Mais sur le point d’être cuite en ce lieu,
En récitant ma prière secrète,
Je fis tout bas à la Vierge un beau vœu
De visiter sa maison de Lorette,
S’il lui plaisait de me tirer du feu.
Tout aussitôt la mère du bon Dieu
Vous députa sur votre âne céleste ;
Vous me sauvez de ce bûcher funeste,
Je vis par vous : mon vœu doit se tenir,
Sans quoi la Vierge a droit de me punir.



— Votre discours est très-juste et très-sage,
Dit La Trimouille ; et ce pèlerinage
Est à mes yeux un devoir bien sacré ;
Vous permettrez que je sois du voyage.
J’aime Lorette, et je vous conduirai.
Allez, Dunois, par la plaine étoilée,
Fendez les airs, volez aux champs de Blois ;
Nous vous joindrons avant qu’il soit un mois.
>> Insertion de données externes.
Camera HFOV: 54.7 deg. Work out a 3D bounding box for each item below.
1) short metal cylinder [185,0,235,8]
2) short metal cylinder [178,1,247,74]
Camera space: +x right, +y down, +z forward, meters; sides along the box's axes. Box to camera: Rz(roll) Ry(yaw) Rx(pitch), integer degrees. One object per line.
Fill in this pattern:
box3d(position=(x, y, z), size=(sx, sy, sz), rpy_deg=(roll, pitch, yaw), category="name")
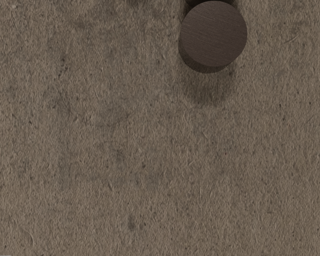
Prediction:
box3d(position=(0.068, -0.195, 0.398), size=(0.081, 0.050, 0.079), rpy_deg=(0, 90, -1), category="short metal cylinder")
box3d(position=(0.065, -0.114, 0.398), size=(0.081, 0.050, 0.079), rpy_deg=(0, 90, -1), category="short metal cylinder")

Et vous, madame, à Lorette appelée,
Venez remplir votre vœu si pieux ;
Moi j’en fais un digne de vos beaux yeux :
C’est de prouver à toute heure, en tous lieux,
A tout venant, par l’épée et la lance,
Que vous devez avoir la préférence
Sur toute fille ou femme de renom ;
Que nulle n’est et si sage et si belle. "
Elle rougit. Cependant le grison
Frappe du pied, s’élève sur son aile,
Plane dans l’air, et, laissant l’horizon,
Porte Dunois vers les sources du Rhône.